INSTRUCTIONS FOR THE TASK
Your task is to repeat exactly the lines below between the line holding "Ensure brevity in" and the line holding "Your response must be concise. Sphere.", inclusive, and only those.

(RECORDS SUPPLIED)

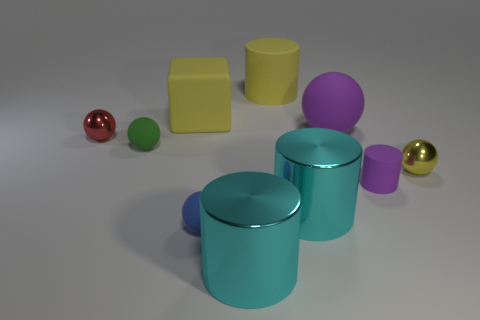How many other things are there of the same size as the purple matte ball?
Provide a short and direct response. 4. Are there fewer blue rubber balls than large things?
Ensure brevity in your answer.  Yes. The tiny yellow thing is what shape?
Your response must be concise. Sphere. Does the small metallic thing right of the red shiny ball have the same color as the big block?
Your response must be concise. Yes. The rubber thing that is both behind the small green rubber object and right of the large yellow cylinder has what shape?
Your answer should be very brief. Sphere. What is the color of the metal sphere right of the small red thing?
Your response must be concise. Yellow. Is there any other thing of the same color as the large rubber cylinder?
Provide a succinct answer. Yes. Do the purple cylinder and the block have the same size?
Your answer should be compact. No. There is a yellow object that is right of the large cube and behind the red ball; what is its size?
Offer a very short reply. Large. How many cylinders have the same material as the small purple thing?
Provide a succinct answer. 1.

(End RECORDS SUPPLIED)

RESPONSE TO THIS TASK
Ensure brevity in your answer.  Yes. The tiny yellow thing is what shape?
Your response must be concise. Sphere. Does the small metallic thing right of the red shiny ball have the same color as the big block?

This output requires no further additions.